Was the Atrium Health breach the largest data incident in North Carolina?

The 2018 Atrium Health breach, which affected approximately 2.65 million patients, is among the largest healthcare data incidents originating from North Carolina operations. The 2022 Novant Health pixel tracking disclosure affected an estimated 1.36 million patients. In terms of total individuals affected, the Atrium Health incident remains the single largest confirmed breach tied to a North Carolina-based organization.

Are North Carolina financial institutions subject to additional cybersecurity requirements?

Yes. Banks and financial institutions in North Carolina must comply with federal regulations including the Gramm-Leach-Bliley Act (GLBA), OCC guidance, and FDIC requirements in addition to state law. The North Carolina Commissioner of Banks also has regulatory authority over state-chartered banks and may impose additional cybersecurity expectations. Given Charlotte's status as a major banking hub, these requirements affect a significant portion of the state's workforce.

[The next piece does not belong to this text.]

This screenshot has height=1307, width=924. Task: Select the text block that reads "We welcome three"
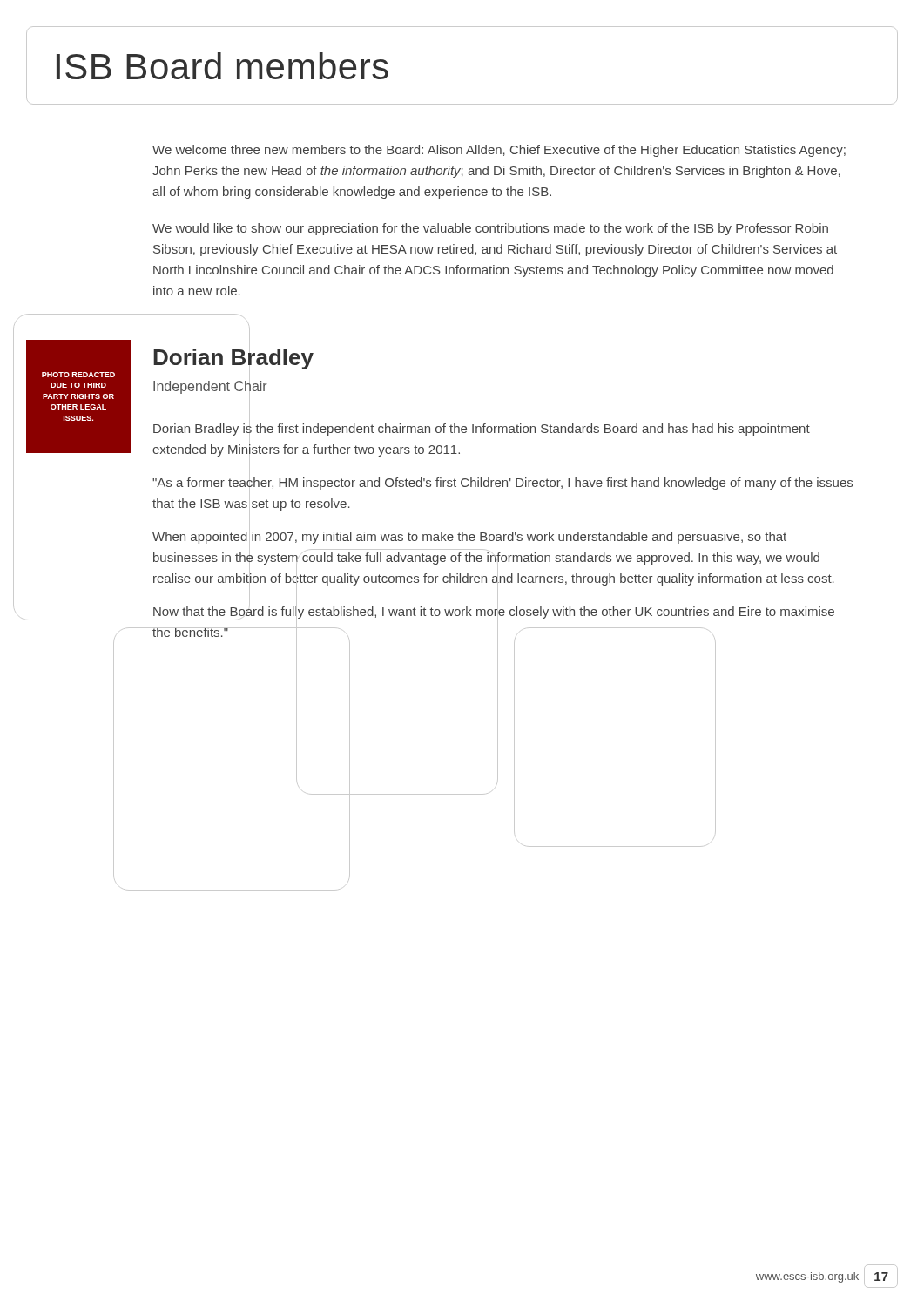point(503,220)

What role does the NC Department of Information Technology play in cybersecurity?

The North Carolina Department of Information Technology (NCDIT) oversees cybersecurity for state government agencies and provides guidance and support to local governments. NCDIT operates the NC Joint Cybersecurity Task Force, which coordinates incident response across state and local entities. The department also manages the state's cybersecurity risk management framework and publishes best practices for North Carolina government organizations.